Take the entries that follow and return exactly the lines from the one holding "#8 pedestrian <box>1790,551,1831,625</box>" through the one holding "Use a numbered", both included. Nothing else is needed.

(Record excerpts)

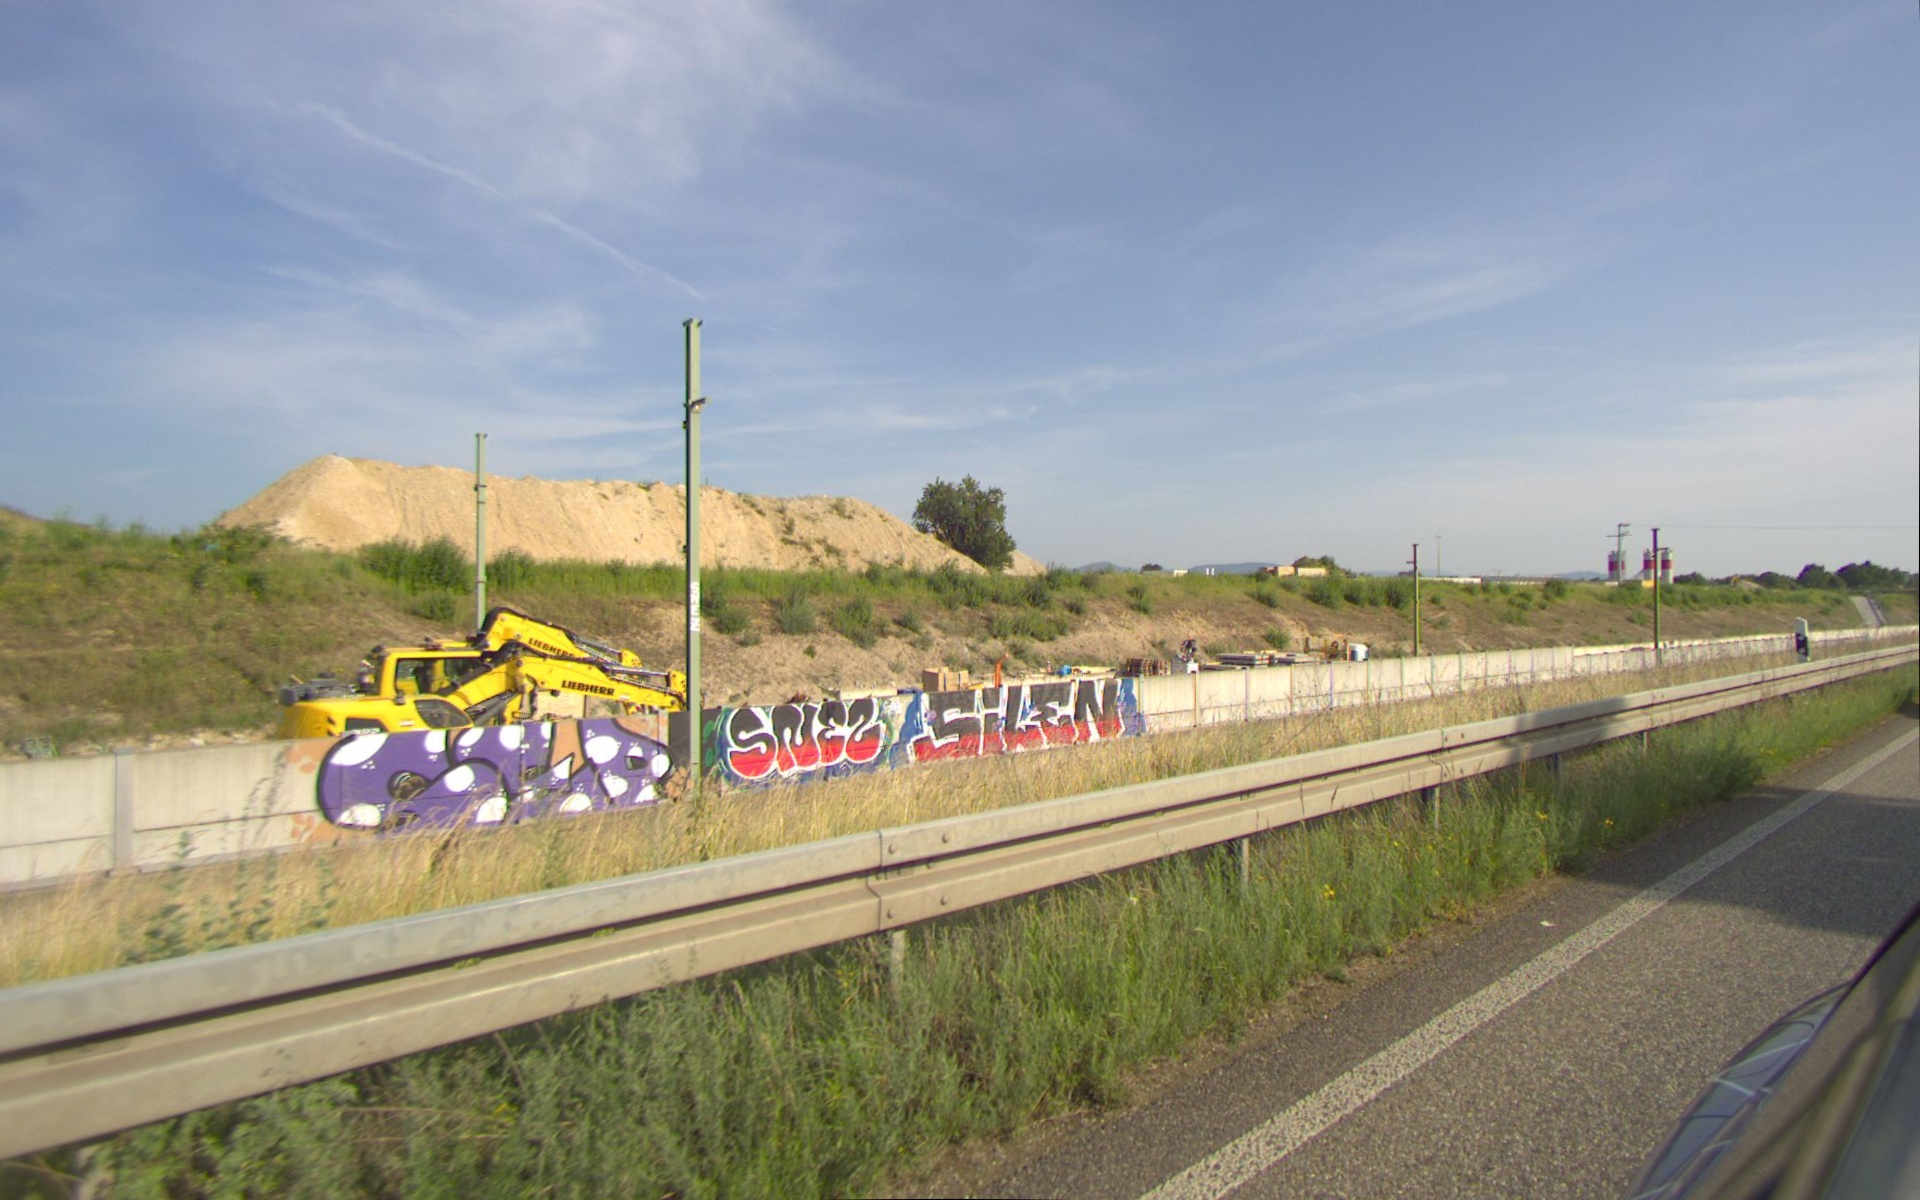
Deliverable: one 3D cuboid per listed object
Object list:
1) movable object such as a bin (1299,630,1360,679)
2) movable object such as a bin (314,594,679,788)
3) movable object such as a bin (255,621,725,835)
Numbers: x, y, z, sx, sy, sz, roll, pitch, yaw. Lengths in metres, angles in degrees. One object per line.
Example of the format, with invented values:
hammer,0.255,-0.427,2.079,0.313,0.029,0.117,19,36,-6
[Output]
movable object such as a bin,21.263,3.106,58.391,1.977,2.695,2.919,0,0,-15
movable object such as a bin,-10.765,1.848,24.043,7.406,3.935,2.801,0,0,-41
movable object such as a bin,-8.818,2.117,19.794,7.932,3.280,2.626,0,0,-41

(End Record excerpts)
(Record excerpts)

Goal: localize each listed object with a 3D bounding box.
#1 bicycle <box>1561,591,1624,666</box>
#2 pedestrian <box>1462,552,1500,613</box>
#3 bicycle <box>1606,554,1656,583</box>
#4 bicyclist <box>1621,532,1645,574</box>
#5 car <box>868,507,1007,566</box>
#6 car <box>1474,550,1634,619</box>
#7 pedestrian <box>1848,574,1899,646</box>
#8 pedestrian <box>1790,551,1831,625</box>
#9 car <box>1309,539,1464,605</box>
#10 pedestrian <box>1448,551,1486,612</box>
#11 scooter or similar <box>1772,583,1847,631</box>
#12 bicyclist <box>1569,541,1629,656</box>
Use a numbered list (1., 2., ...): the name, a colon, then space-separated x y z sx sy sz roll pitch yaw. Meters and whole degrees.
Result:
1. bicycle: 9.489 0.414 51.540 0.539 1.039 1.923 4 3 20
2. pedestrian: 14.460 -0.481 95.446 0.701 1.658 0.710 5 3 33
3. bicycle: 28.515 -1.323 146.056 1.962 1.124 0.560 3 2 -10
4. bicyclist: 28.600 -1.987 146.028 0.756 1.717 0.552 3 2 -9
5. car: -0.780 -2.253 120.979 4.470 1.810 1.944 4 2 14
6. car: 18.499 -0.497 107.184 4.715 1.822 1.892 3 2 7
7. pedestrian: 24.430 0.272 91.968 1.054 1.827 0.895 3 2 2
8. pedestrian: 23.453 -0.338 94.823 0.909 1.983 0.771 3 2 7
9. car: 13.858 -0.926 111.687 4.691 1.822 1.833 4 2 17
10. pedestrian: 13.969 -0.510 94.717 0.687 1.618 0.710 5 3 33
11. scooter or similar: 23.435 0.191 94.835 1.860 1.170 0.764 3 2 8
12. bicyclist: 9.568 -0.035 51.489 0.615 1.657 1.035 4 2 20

(End Record excerpts)

**Reply to the exercise:**
#8 pedestrian <box>1790,551,1831,625</box>
#9 car <box>1309,539,1464,605</box>
#10 pedestrian <box>1448,551,1486,612</box>
#11 scooter or similar <box>1772,583,1847,631</box>
#12 bicyclist <box>1569,541,1629,656</box>
Use a numbered list (1., 2., ...): the name, a colon, then space-separated x y z sx sy sz roll pitch yaw. Meters and whole degrees.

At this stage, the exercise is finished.